A project that leverages big data and containerization tools to achieve an easy-to-setup big data processing system. Demonstrate uses of the following:
- Spark (Structured Streaming) - a scalable stream processing engine
- Flink - a stateful stream processing engine
- Hive - SQL-like interface to enable query on HDFS data
- Kafka - a distributed event streaming platform
- HBase (Paired with Caffeine Cache) - a non-relational distributed database for quick real-time query
- Druid - a column-oriented distributed real-time analysis database
- Docker - an application containerization platform
cd docker
sh project-runner.sh <start | stop> [optional processing_platform] [optional job_name] [optional resource_path] [optional kafka_start_time] [optional kafka_end_time] |
- <start | stop> - start or stop all docker container
- <processing_platform> - flink or spark. e.g, flink/spark. Default is set to be 'spark'
- <job_name> - optional processing job class name. e.g, Txn/TxnUser. Default is set to be 'Txn'
- <resource_path> optional job configuration file name. e.g, txn.conf/txn_user.conf. Default is set to be txn.conf
- <kafka_start_time> optional Kafka consumption start time (millisecond, second will get converted). e.g, 1643441056000. Default is set to be -1
- <kafka_end_time> optional Kafka consumption end time (millisecond, second will get converted). e.g, 1643441056000. Default is set to be -1
sh project-runner.sh start spark Txn txn.conf
sh project-runner.sh start spark TxnUser txn_user.conf
sh project-runner.sh start flink FlinkTxn flink_txn.conf
Note that there is a known bug in Kafka 2.3.0 when the checkpoint mechanism is enabled in the Flink processing pipeline - the Flink job throws exception 'org.apache.kafka.common.errors.UnknownProducerIdException' when a streams application has little traffic. Reader may refer to the questions posted on StackOverflow
docker container exec -it project_kafka_broker /bin/bash
kafka-console-consumer --bootstrap-server broker:9092 --topic <order | txn | txn_user>
docker container exec -it project_kafka_broker bash -c "kafka-console-consumer --bootstrap-server broker:9092 --topic txn"
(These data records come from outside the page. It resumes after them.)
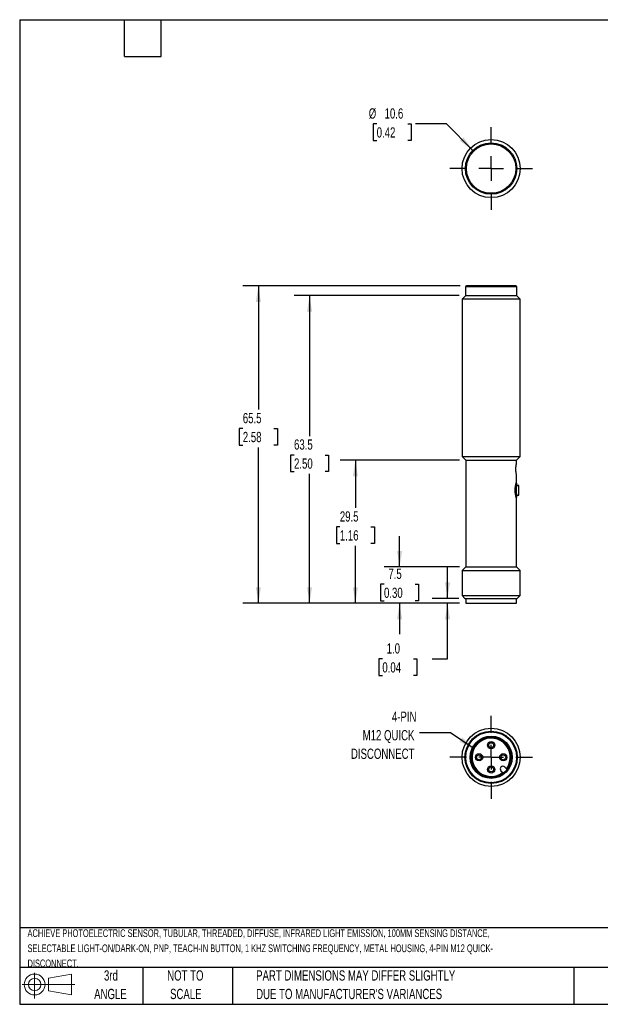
# Model space of a CAD drawing. Header units: millimetres. Extents: x 6 to 273, y 6 to 210.
# Tile 1 of 2: x 6 to 126, y 6 to 210. Entities that reach past the tile are written whole.
import ezdxf

# ---------------------------------------------------------------- set-up
doc = ezdxf.new("R2010")
doc.units = ezdxf.units.MM
doc.linetypes.add('CENTERX2', pattern=[20.32, 12.7, -2.54, 2.54, -2.54])
doc.layers.add('CENTER', color=40, linetype='CENTERX2')
doc.layers.add('DIMENSIONS', color=140, linetype='Continuous', lineweight=25)
doc.layers.add('TEXT', color=140, linetype='Continuous', lineweight=25)
doc.styles.add('SLDTEXTSTYLE0', font='TXT', dxfattribs={"width": 0.7})
doc.dimstyles.new('SLDDIMSTYLE0', dxfattribs={"dimtxt": 2.158008, "dimasz": 3.302, "dimexe": 0, "dimexo": 0.0625, "dimgap": 0.539502, "dimtad": 0, "dimtih": 1, "dimtoh": 1, "dimrnd": 1e-09, "dimzin": 4, "dimdsep": 46, "dimtxsty": 'SLDTEXTSTYLE0', "dimsah": 1, "dimcen": 0.09, "dimadec": 0, "dimazin": 1, "dimtfac": 1, "dimtmove": 0, "dimatfit": 0, "dimfxl": 0, "dimfrac": 2, "dimtolj": 1, "dimtzin": 12, "dimarcsym": 0})
doc.dimstyles.new('SLDDIMSTYLE1', dxfattribs={"dimtxt": 2.158008, "dimasz": 3.302, "dimexe": 0, "dimexo": 0.0625, "dimgap": 0.539502, "dimtad": 0, "dimtih": 1, "dimtoh": 1, "dimrnd": 1e-09, "dimzin": 12, "dimdsep": 46, "dimtxsty": 'SLDTEXTSTYLE0', "dimsah": 1, "dimcen": 0.09, "dimadec": 0, "dimazin": 3, "dimtfac": 1, "dimtmove": 0, "dimatfit": 0, "dimfxl": 0, "dimfrac": 2, "dimtolj": 1, "dimtzin": 12, "dimarcsym": 0})
doc.dimstyles.new('SLDDIMSTYLE2', dxfattribs={"dimtxt": 2.158008, "dimasz": 3.302, "dimexe": 0, "dimexo": 0.0625, "dimgap": 0.539502, "dimtad": 0, "dimtih": 1, "dimtoh": 1, "dimrnd": 1e-09, "dimzin": 12, "dimdsep": 46, "dimtxsty": 'SLDTEXTSTYLE0', "dimsah": 1, "dimcen": 0.09, "dimadec": 0, "dimazin": 3, "dimtfac": 1, "dimtofl": 0, "dimtmove": 0, "dimatfit": 3, "dimfxl": 0, "dimfrac": 2, "dimtolj": 1, "dimtzin": 12, "dimarcsym": 0})
doc.dimstyles.new('SLDDIMSTYLE3', dxfattribs={"dimtxt": 2.158008, "dimasz": 3.302, "dimexe": 0, "dimexo": 0.0625, "dimgap": 0.539502, "dimtad": 0, "dimtih": 1, "dimtoh": 1, "dimrnd": 1e-09, "dimzin": 12, "dimdsep": 46, "dimtxsty": 'SLDTEXTSTYLE0', "dimsah": 1, "dimcen": 0, "dimadec": 0, "dimazin": 3, "dimtfac": 1, "dimtofl": 0, "dimtmove": 0, "dimatfit": 3, "dimfxl": 0, "dimfrac": 2, "dimtolj": 1, "dimtzin": 12, "dimarcsym": 0})

# ---------------------------------------------------------------- blocks, each defined once
blk = doc.blocks.new('Block11')
at = {"color": 7, "linetype": 'Continuous', "lineweight": 18}
for p, q in [((2.59, 5.31), (2.59, 0)), ((5.48, 4.17), (10.18, 5.03)), ((5.48, 1.6), (5.48, 4.17)), ((10.18, 5.03), (10.18, 0.73)), ((0, 2.88), (10.87, 2.88)), ((5.48, 1.6), (10.18, 0.73))]:
    blk.add_line(p, q, dxfattribs=at)
for radius in [2.15, 1.29]:
    blk.add_circle((2.59, 2.88), radius, dxfattribs=at)
blk = doc.blocks.new('Block12')
at = {"color": 7, "linetype": 'Continuous'}
blk.add_blockref('Block11', (0, 0), dxfattribs=at)
blk = doc.blocks.new('_D')
at = {"layer": 'DIMENSIONS'}
for p, q in [((94.59, 90.12), (94.59, 96.47)), ((96.92, 90.12), (91.42, 90.12)), ((97.07, 89.12), (91.42, 89.12)), ((94.59, 77.64), (94.59, 89.12)), ((81.15, 77.64), (80.42, 77.64)), ((80.42, 77.64), (80.42, 74.21)), ((87.56, 77.64), (88.28, 77.64)), ((88.28, 77.64), (88.28, 74.21)), ((91.45, 77.64), (94.59, 77.64)), ((80.42, 74.21), (81.15, 74.21)), ((88.28, 74.21), (87.56, 74.21))]:
    blk.add_line(p, q, dxfattribs=at)
for points in [[(94.59, 90.12), (95.1, 93.42), (94.09, 93.42)], [(94.59, 89.12), (94.09, 85.82), (95.1, 85.82)]]:
    blk.add_solid(points, dxfattribs=at)
at = {"layer": 'DIMENSIONS', "char_height": 2.117, "attachment_point": 1, "style": 'SLDTEXTSTYLE0'}
for s, insert in [('1.0', (82.04, 80.85)), ('0.04', (81.15, 76.94))]:
    blk.add_mtext(s, dxfattribs=dict(at, insert=insert))
blk = doc.blocks.new('_D_1')
at = {"layer": 'DIMENSIONS'}
for p, q in [((84.7, 96.62), (84.7, 102.97)), ((97.07, 96.62), (81.53, 96.62)), ((81.49, 93.04), (80.77, 93.04)), ((80.77, 93.04), (80.77, 89.61)), ((87.91, 93.04), (88.63, 93.04)), ((88.63, 93.04), (88.63, 89.61)), ((80.77, 89.61), (81.49, 89.61)), ((88.63, 89.61), (87.91, 89.61)), ((97.07, 89.12), (81.53, 89.12)), ((84.7, 89.12), (84.7, 82.77))]:
    blk.add_line(p, q, dxfattribs=at)
for points in [[(84.7, 96.62), (85.21, 99.92), (84.19, 99.92)], [(84.7, 89.12), (84.19, 85.82), (85.21, 85.82)]]:
    blk.add_solid(points, dxfattribs=at)
at = {"layer": 'DIMENSIONS', "char_height": 2.117, "attachment_point": 1, "style": 'SLDTEXTSTYLE0'}
for s, insert in [('7.5', (82.39, 96.25)), ('0.30', (81.49, 92.34))]:
    blk.add_mtext(s, dxfattribs=dict(at, insert=insert))
blk = doc.blocks.new('_D_2')
at = {"layer": 'DIMENSIONS'}
for p, q in [((97.07, 118.62), (72.42, 118.62)), ((75.59, 118.62), (75.59, 108.79)), ((72.38, 104.88), (71.66, 104.88)), ((71.66, 104.88), (71.66, 101.45)), ((78.8, 104.88), (79.52, 104.88)), ((79.52, 104.88), (79.52, 101.45)), ((71.66, 101.45), (72.38, 101.45)), ((75.59, 89.12), (75.59, 100.96)), ((79.52, 101.45), (78.8, 101.45)), ((97.07, 89.12), (72.42, 89.12))]:
    blk.add_line(p, q, dxfattribs=at)
for points in [[(75.59, 118.62), (75.08, 115.32), (76.1, 115.32)], [(75.59, 89.12), (76.1, 92.42), (75.08, 92.42)]]:
    blk.add_solid(points, dxfattribs=at)
at = {"layer": 'DIMENSIONS', "char_height": 2.117, "attachment_point": 1, "style": 'SLDTEXTSTYLE0'}
for s, insert in [('29.5', (72.38, 108.09)), ('1.16', (72.38, 104.18))]:
    blk.add_mtext(s, dxfattribs=dict(at, insert=insert))
blk = doc.blocks.new('_D_3')
at = {"layer": 'DIMENSIONS'}
for p, q in [((97.02, 152.62), (62.96, 152.62)), ((66.14, 152.62), (66.14, 123.63)), ((62.93, 119.71), (62.2, 119.71)), ((62.2, 119.71), (62.2, 116.28)), ((69.34, 119.71), (70.07, 119.71)), ((70.07, 119.71), (70.07, 116.28)), ((62.2, 116.28), (62.93, 116.28)), ((70.07, 116.28), (69.34, 116.28)), ((66.14, 89.12), (66.14, 115.8)), ((97.07, 89.12), (62.96, 89.12))]:
    blk.add_line(p, q, dxfattribs=at)
for points in [[(66.14, 152.62), (65.63, 149.32), (66.64, 149.32)], [(66.14, 89.12), (66.64, 92.42), (65.63, 92.42)]]:
    blk.add_solid(points, dxfattribs=at)
at = {"layer": 'DIMENSIONS', "char_height": 2.117, "attachment_point": 1, "style": 'SLDTEXTSTYLE0'}
for s, insert in [('63.5', (62.93, 122.93)), ('2.50', (62.93, 119.01))]:
    blk.add_mtext(s, dxfattribs=dict(at, insert=insert))
blk = doc.blocks.new('_D_4')
at = {"layer": 'DIMENSIONS'}
for p, q in [((97.22, 154.62), (52.4, 154.62)), ((55.58, 154.62), (55.58, 129.09)), ((52.37, 125.18), (51.65, 125.18)), ((51.65, 125.18), (51.65, 121.75)), ((58.78, 125.18), (59.51, 125.18)), ((59.51, 125.18), (59.51, 121.75)), ((51.65, 121.75), (52.37, 121.75)), ((55.58, 89.12), (55.58, 121.27)), ((59.51, 121.75), (58.78, 121.75)), ((97.07, 89.12), (52.4, 89.12))]:
    blk.add_line(p, q, dxfattribs=at)
for points in [[(55.58, 154.62), (55.07, 151.32), (56.09, 151.32)], [(55.58, 89.12), (56.09, 92.42), (55.07, 92.42)]]:
    blk.add_solid(points, dxfattribs=at)
at = {"layer": 'DIMENSIONS', "char_height": 2.117, "attachment_point": 1, "style": 'SLDTEXTSTYLE0'}
for s, insert in [('65.5', (52.37, 128.39)), ('2.58', (52.37, 124.48))]:
    blk.add_mtext(s, dxfattribs=dict(at, insert=insert))
blk = doc.blocks.new('_D_5')
at = {"layer": 'DIMENSIONS'}
for p, q in [((79.98, 188.04), (79.25, 188.04)), ((79.25, 188.04), (79.25, 184.62)), ((86.39, 188.04), (87.12, 188.04)), ((87.12, 188.04), (87.12, 184.62)), ((94.37, 188.04), (88.02, 188.04)), ((99.84, 182.57), (94.37, 188.04)), ((79.25, 184.62), (79.98, 184.62)), ((87.12, 184.62), (86.39, 184.62))]:
    blk.add_line(p, q, dxfattribs=at)
blk.add_solid([(99.84, 182.57), (97.87, 185.27), (97.15, 184.55)], dxfattribs=at)
at = {"layer": 'DIMENSIONS', "char_height": 2.117, "attachment_point": 1, "style": 'SLDTEXTSTYLE0'}
for s, insert in [('%%c', (78.35, 191.26)), ('10.6', (81.61, 191.26)), ('0.42', (79.98, 187.34))]:
    blk.add_mtext(s, dxfattribs=dict(at, insert=insert))
blk = doc.blocks.new('SW_CENTERMARKSYMBOL_0')
at = {"layer": 'CENTER', "color": 0}
for p, q in [((0, 5.08), (0, 8.54)), ((0, 0), (0, 2.54)), ((-5.08, 0), (-8.54, 0)), ((0, 0), (-2.54, 0)), ((0, 0), (0, -2.54)), ((0, 0), (2.54, 0)), ((5.08, 0), (8.54, 0)), ((0, -5.08), (0, -8.54))]:
    blk.add_line(p, q, dxfattribs=at)
blk = doc.blocks.new('SW_CENTERMARKSYMBOL_1')
at = {"layer": 'CENTER', "color": 0}
for p, q in [((0, 5.08), (0, 8.54)), ((0, 0), (0, 2.54)), ((-5.08, 0), (-8.54, 0)), ((0, 0), (-2.54, 0)), ((0, 0), (0, -2.54)), ((0, 0), (2.54, 0)), ((5.08, 0), (8.54, 0)), ((0, -5.08), (0, -8.54))]:
    blk.add_line(p, q, dxfattribs=at)

msp = doc.modelspace()

# ---------------------------------------------------------------- linework, layer by layer
for p, q in [((108.691, 154.622), (98.491, 154.622)), ((98.341, 152.622), (97.591, 151.872)), ((98.291, 154.422), (98.291, 152.622)), ((101.926, 154.422), (98.291, 154.422)), ((98.291, 152.622), (101.926, 152.622)), ((108.891, 154.422), (101.926, 154.422)), ((101.926, 152.622), (108.891, 152.622)), ((109.591, 151.872), (108.841, 152.622)), ((108.891, 152.622), (108.891, 154.422)), ((97.591, 151.872), (97.591, 119.372)), ((109.591, 151.872), (97.591, 151.872)), ((109.591, 119.372), (109.591, 151.872)), ((97.591, 119.372), (98.341, 118.622)), ((97.591, 119.372), (109.591, 119.372)), ((98.341, 118.622), (98.341, 96.622)), ((98.341, 118.622), (108.841, 118.622)), ((108.841, 118.622), (109.591, 119.372)), ((108.841, 118.062), (108.841, 118.622)), ((108.891, 113.922), (108.763, 113.922)), ((108.841, 114.166), (108.841, 115.581)), ((108.891, 113.422), (108.891, 113.922)), ((109.291, 113.422), (108.891, 113.422)), ((109.291, 111.422), (109.291, 113.422)), ((108.764, 110.922), (108.891, 110.922)), ((108.841, 96.622), (108.841, 110.678)), ((108.889, 111.422), (109.291, 111.422)), ((108.891, 110.922), (108.891, 111.435)), ((98.341, 96.622), (97.591, 95.872)), ((97.591, 95.872), (97.591, 90.722)), ((97.591, 95.872), (109.591, 95.872)), ((98.341, 96.622), (108.841, 96.622)), ((109.591, 95.872), (108.841, 96.622)), ((109.591, 90.722), (109.591, 95.872)), ((97.591, 90.722), (98.191, 90.122)), ((97.591, 90.722), (109.591, 90.722)), ((98.191, 90.122), (108.991, 90.122)), ((98.341, 90.122), (98.341, 89.122)), ((108.841, 89.122), (108.841, 90.122)), ((108.991, 90.122), (109.591, 90.722)), ((98.341, 89.122), (108.841, 89.122)), ((106.889, 54.805), (106.384, 55.31)), ((105.607, 54.532), (106.111, 54.028))]:
    msp.add_line(p, q)
for centre, radius in [((103.591, 178.825), 6), ((103.591, 178.825), 5.3), ((103.591, 178.825), 5.1), ((103.591, 57.325), 6), ((103.591, 57.325), 5.4), ((103.591, 57.325), 5.25), ((103.591, 57.325), 4.35), ((103.591, 57.325), 4.15), ((103.591, 59.825), 0.75), ((103.591, 59.825), 0.5), ((101.091, 57.325), 0.75), ((101.091, 57.325), 0.5), ((106.091, 57.325), 0.75), ((106.091, 57.325), 0.5), ((103.591, 54.825), 0.75), ((103.591, 54.825), 0.5)]:
    msp.add_circle(centre, radius)
for centre, radius, start, end in [((98.491, 154.422), 0.2, 90, 180), ((108.691, 154.422), 0.2, 0, 90), ((103.591, 57.325), 3.95, 323.0039, 306.9961), ((105.995, 54.921), 0.55, 45, 225)]:
    msp.add_arc(centre, radius, start, end)
for points, knots in [([(108.839, 115.581), (108.839, 115.582), (108.838, 115.586), (108.805, 115.729), (108.753, 116), (108.706, 116.362), (108.685, 116.773), (108.698, 117.196), (108.742, 117.578), (108.795, 117.868), (108.835, 118.046), (108.838, 118.057), (108.839, 118.062)], [0, 0, 0, 0, 0.0622503, 0.1706274, 0.2780564, 0.3827809, 0.487178, 0.5942025, 0.7026713, 0.8092459, 0.9136236, 1, 1, 1, 1]), ([(108.839, 110.678), (108.84, 110.677), (108.84, 110.675), (108.823, 110.726), (108.791, 110.826), (108.747, 110.976), (108.697, 111.162), (108.648, 111.381), (108.603, 111.62), (108.568, 111.88), (108.546, 112.154), (108.538, 112.441), (108.548, 112.734), (108.575, 113.024), (108.615, 113.294), (108.664, 113.539), (108.714, 113.746), (108.761, 113.916), (108.8, 114.045), (108.827, 114.13), (108.841, 114.172), (108.84, 114.168), (108.839, 114.166)], [0, 0, 0, 0, 0.0297221, 0.0830964, 0.138196, 0.1918126, 0.2470083, 0.2981727, 0.350672, 0.4003864, 0.4514445, 0.5029777, 0.5561272, 0.6099672, 0.6655401, 0.7185554, 0.7730611, 0.823743, 0.8757496, 0.9259322, 0.977531, 1, 1, 1, 1]), ([(108.885, 110.942), (108.887, 110.937), (108.89, 110.927), (108.87, 110.997), (108.835, 111.131), (108.773, 111.395), (108.704, 111.814), (108.668, 112.299), (108.679, 112.72), (108.71, 113.04), (108.753, 113.336), (108.815, 113.638), (108.878, 113.877), (108.887, 113.906), (108.891, 113.92)], [0, 0, 0, 0, 0.0500991, 0.1037184, 0.159013, 0.2667588, 0.3706562, 0.4734439, 0.5796891, 0.6334891, 0.688944, 0.7955828, 0.8989131, 1, 1, 1, 1]), ([(108.889, 111.435), (108.889, 111.431), (108.892, 111.418), (108.874, 111.514), (108.843, 111.709), (108.811, 111.988), (108.794, 112.313), (108.798, 112.654), (108.822, 112.969), (108.856, 113.22), (108.885, 113.389), (108.889, 113.411), (108.891, 113.422)], [0, 0, 0, 0, 0.0389276, 0.1467454, 0.2544471, 0.3604624, 0.4658208, 0.5725896, 0.6806364, 0.7878422, 0.8938991, 1, 1, 1, 1])]:
    msp.add_open_spline(points, degree=3, knots=knots)
at = {"layer": 'DIMENSIONS', "flags": 128}
msp.add_lwpolyline([(88.832, 62.434), (95.182, 62.434), (100.084, 59.142)], dxfattribs=at)
at = {"layer": 'DIMENSIONS'}
msp.add_solid([(100.084, 59.142), (97.626, 61.405), (97.06, 60.561)], dxfattribs=at)
at = {"layer": 'TEXT'}
for p, q in [((6.35, 209.55), (273.05, 209.55)), ((6.35, 209.55), (6.35, 6.35)), ((27.94, 201.93), (27.94, 209.55)), ((35.56, 201.93), (35.56, 209.55)), ((27.94, 201.93), (35.56, 201.93)), ((273.05, 22.126), (6.35, 22.126)), ((273.05, 13.97), (6.35, 13.97)), ((31.75, 13.97), (31.75, 6.35)), ((50.212, 13.97), (50.212, 6.35)), ((120.646, 13.97), (120.646, 6.35)), ((6.35, 6.35), (273.05, 6.35))]:
    msp.add_line(p, q, dxfattribs=at)

# ---------------------------------------------------------------- block references
at = {"layer": 'CENTER'}
for name, p in [('SW_CENTERMARKSYMBOL_0', (103.591, 178.825)), ('SW_CENTERMARKSYMBOL_1', (103.591, 57.325))]:
    msp.add_blockref(name, p, dxfattribs=at)
at = {"layer": 'TEXT'}
msp.add_blockref('Block12', (6.838, 7.554), dxfattribs=at)

# ---------------------------------------------------------------- texts
at = {"layer": 'DIMENSIONS', "char_height": 2.1167, "attachment_point": 3, "style": 'SLDTEXTSTYLE0'}
for s, insert in [('4-PIN', (88.184, 66.763)), ('M12 QUICK', (87.769, 62.941)), ('DISCONNECT', (87.772, 59.118))]:
    msp.add_mtext(s, dxfattribs=dict(at, insert=insert))
at = {"layer": 'TEXT', "style": 'SLDTEXTSTYLE0'}
for s, insert, char_height, attachment_point in [('ACHIEVE PHOTOELECTRIC SENSOR, TUBULAR, THREADED, DIFFUSE, INFRARED LIGHT EMISSION, 100MM SENSING DISTANCE,', (7.966, 21.823), 1.5875, 1), ('SELECTABLE LIGHT-ON/DARK-ON, PNP, TEACH-IN BUTTON, 1 KHZ SWITCHING FREQUENCY, METAL HOUSING, 4-PIN M12 QUICK-', (7.966, 18.707), 1.5875, 1), ('DISCONNECT.', (7.966, 15.59), 1.5875, 1), ('3rd', (25.162, 13.364), 2.1167, 2), ('NOT TO', (40.516, 13.364), 2.1167, 2), ('PART DIMENSIONS MAY DIFFER SLIGHTLY', (55.119, 13.364), 2.11667, 1), ('ANGLE', (25.065, 9.542), 2.1167, 2), ('SCALE', (40.612, 9.542), 2.1167, 2), ("DUE TO MANUFACTURER'S VARIANCES", (55.119, 9.542), 2.11667, 1)]:
    msp.add_mtext(s, dxfattribs=dict(at, insert=insert, char_height=char_height, attachment_point=attachment_point))

# ---------------------------------------------------------------- dimensions: what is measured, and where the dimension line sits
at = {"layer": 'DIMENSIONS'}
dim = msp.add_diameter_dim_2p(p1=(107.339, 175.077), p2=(99.844, 182.572), dimstyle='SLDDIMSTYLE3', dxfattribs=at)
dim.commit()
dim.dimension.update_dxf_attribs({"geometry": '_D_5', "text_midpoint": (83.186, 188.045), "dimtype": 163})
for base, p1, p2, dimstyle, picture, middle in [((55.577, 154.622), (98.341, 89.122), (98.491, 154.622), 'SLDDIMSTYLE2', '_D_4', (55.577, 125.182)), ((66.135, 152.622), (98.341, 89.122), (98.291, 152.622), 'SLDDIMSTYLE2', '_D_3', (66.135, 119.715)), ((75.591, 118.622), (98.341, 89.122), (98.341, 118.622), 'SLDDIMSTYLE2', '_D_2', (75.591, 104.878)), ((84.701, 96.622), (98.341, 89.122), (98.341, 96.622), 'SLDDIMSTYLE1', '_D_1', (84.701, 93.043)), ((94.594, 89.122), (98.191, 90.122), (98.341, 89.122), 'SLDDIMSTYLE0', '_D', (94.594, 77.643))]:
    dim = msp.add_linear_dim(base=base, p1=p1, p2=p2, angle=90, dimstyle=dimstyle, dxfattribs=at)
    dim.commit()
    dim.dimension.update_dxf_attribs({"geometry": picture, "text_midpoint": middle, "dimtype": 160})

doc.saveas('drawing.dxf')

Two ways to get the metrics from the Druid datasource:
- Submit native query via curl
DRUID_QUERY_JSON="./druid_txn_query.json" DRUID_QUERY_JSON="./druid_txn_user_query.json"
query=$(cat $DRUID_QUERY_JSON | sed "s/start_time/$(date +"%Y-%m-%d")T00:00:00+08:00/" | sed "s/end_time/$(date -v +1d +"%Y-%m-%d")T00:00:00+08:00/") curl -X POST \ http://localhost:8889/druid/v2/?pretty \ -H 'cache-control: no-cache' \ -H 'content-type: application/json' \ -d "$query"
- Submit SQL query via Druid UI
SELECT country, SUM("gmv") AS gmv_sum, SUM("gmv_usd") AS gmv_usd_sum, SUM("count") AS order_count FROM txn GROUP BY country SELECT country, SUM("count") AS user_count FROM txn_user GROUP BY country
sh project-runner.sh stop
- Spark Master - http://localhost:8080
- Spark Worker - http://localhost:8081
- Flink Job Manager - http://localhost:8083
- HBase Master - http://localhost:16010
- Druid Router (For manual ingestion & SQL query) - http://localhost:8889
- Druid Overload - http://localhost:8086
- Docker (20.10.7) - https://docs.docker.com/get-docker/
- Java (1.8)
- Scala (2.11.12)
- Mvn (10.15.7)
- Flink (1.14.4)
- Kafka (2.3.0)
- Spark (2.4.5)